Task directions:
With the pictures set aside, return the lines below exactly, beginning at the first and ending at the line containing "Offer a terse response. Blue.".

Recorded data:
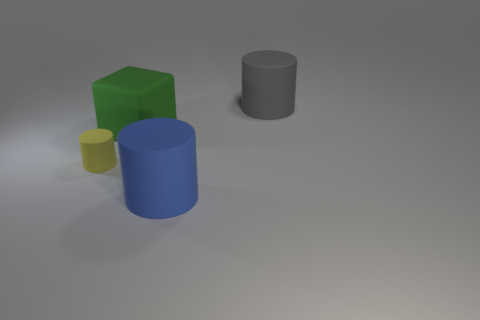Is the shape of the gray thing the same as the big green matte thing?
Give a very brief answer. No. How many other objects are the same shape as the gray thing?
Offer a terse response. 2. What is the color of the matte cylinder that is the same size as the gray rubber object?
Offer a terse response. Blue. Is the number of big green matte things that are behind the gray cylinder the same as the number of big yellow metallic cubes?
Offer a terse response. Yes. The rubber thing that is both in front of the green object and to the right of the small cylinder has what shape?
Your answer should be very brief. Cylinder. Is the gray matte cylinder the same size as the yellow matte thing?
Give a very brief answer. No. Are there any blue cylinders that have the same material as the big gray object?
Your answer should be compact. Yes. What number of rubber objects are both in front of the large green cube and on the right side of the tiny yellow thing?
Ensure brevity in your answer.  1. What is the size of the green cube that is made of the same material as the gray cylinder?
Offer a very short reply. Large. How many things are either gray rubber cylinders or big gray shiny cubes?
Offer a very short reply. 1.

The completed task:
Is the shape of the gray thing the same as the big green matte thing?
Give a very brief answer. No. How many other objects are the same shape as the gray thing?
Offer a terse response. 2. What is the color of the matte cylinder that is the same size as the gray rubber object?
Offer a terse response. Blue. Is the number of big green matte things that are behind the gray cylinder the same as the number of big yellow metallic cubes?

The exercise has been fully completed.